The picture in bar-business differs a lot in terms of origin. Looking into the European origin, the delivery-times are rather short and the willingness to negotiate base-prices came back for the first time since the Covid 19 pandemic, meaning that there are some free capacities. What causes some trouble for the European mills is the tough competition from India – here we also see shorter delivery-times than usual, and we see rather low prices compared to Europe. This makes it really hard to compare those two products with each other. The alloy-surcharge in Europe is higher than the effective price from India in some areas. For the Safeguard-quota opening 1st of April 2023 we have again seen the capacity vanish within one day, meaning the importers have had a big number of containers already waiting in the ports.
We don’t experience any challenges on the supply side as many of our mills have free capacity. Our sourcing is mainly focused on EU origin due to the missing price advantage from Asia. Price levels have been decreasing and still are. Effective prices are almost at the level of the alloy-surcharge which for sure can’t continue and if it does, we’re pretty sure that the mills will shut down parts of their production to minimize their costs/loss.
Very short delivery time, down to two weeks on commodities (OD up to 273mm) from EU and prices are at a critical level seen from a production point of view. We have not yet seen the turn in the decreasing tendency.
On the seamless tubes we still see long delivery-times and rather stable base-prices. Still Ukraine producers are running well and without big disturbances. What we also can see is the material from India pushing into Europe becomes more – following the Safeguard-quotas. But here also prices are key as the Alloy-surcharge in Europe and the higher energy-costs are having an impact on the competition between the two different origins.
The situation regarding fittings & flanges differs a lot depending on which product you’re looking at. We have welded fittings which are rather stable in terms of price and availability, while flanges from Asia are volatile in prices. Especially looking at the competition between China and India one could really experience different approaches and developments in the strategy and pricing. While China is cheaper one month, India is very aggressive the next month.

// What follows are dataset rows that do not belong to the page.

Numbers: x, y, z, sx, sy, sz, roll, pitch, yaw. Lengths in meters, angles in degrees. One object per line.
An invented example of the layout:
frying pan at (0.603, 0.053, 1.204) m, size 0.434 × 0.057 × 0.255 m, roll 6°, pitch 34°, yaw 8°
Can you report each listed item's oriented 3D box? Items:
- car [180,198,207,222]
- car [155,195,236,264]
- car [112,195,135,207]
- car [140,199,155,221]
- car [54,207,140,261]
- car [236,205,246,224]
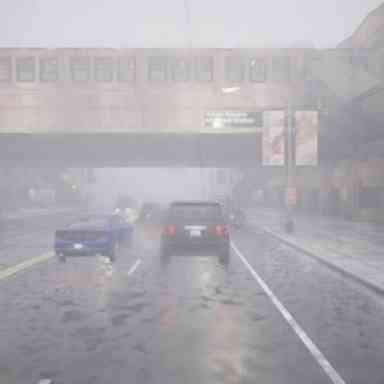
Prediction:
car at (0.136, 1.458, 28.254) m, size 2.097 × 1.767 × 4.553 m, roll 0°, pitch 0°, yaw 1°
car at (0.069, 1.268, 12.107) m, size 2.150 × 2.045 × 5.566 m, roll 0°, pitch 0°, yaw -1°
car at (-10.449, 1.421, 52.517) m, size 2.150 × 2.045 × 5.566 m, roll 0°, pitch 0°, yaw 0°
car at (-3.358, 1.615, 28.648) m, size 1.837 × 1.490 × 4.892 m, roll 0°, pitch 0°, yaw 1°
car at (-3.436, 1.526, 12.577) m, size 1.882 × 1.535 × 5.008 m, roll 0°, pitch -1°, yaw 0°
car at (3.223, 1.706, 29.183) m, size 1.895 × 1.301 × 4.718 m, roll 0°, pitch 0°, yaw 0°

End of week 15 we’ve received the final decision from the European Commission on the anti-dumping duties on imports of stainless steel tube and pipe butt-welding fittings from China, Taiwan and Malaysia. The Commission started this investigation mid last year and now concluded that except three in the investigation named companies all other will have an anti-dumping duty of 64,9%. This means that butt-weld fittings from Asia will be less competitive compared to the European origin and the sourcing of these products from Asia will become more difficult. We’ll work our way through this and find good partners to team up with for these products in the future.
Conclusion and outlook
Our supply situation is very stable in all product groups, and we expect this to continue in the coming quarter where we are experiencing several segments with good growth. The biggest uncertainty we are experiencing at the moment is the price development, which is no longer linked to raw material prices but is largely only governed by supply and demand. If the prices do not turn around soon, we could well be hit by a more unstable supply chain, as some mills will probably shut down some of their production. In addition, there is the whole uncertainty surrounding China/Taiwan which we are following very closely as this could also affect our supply chain.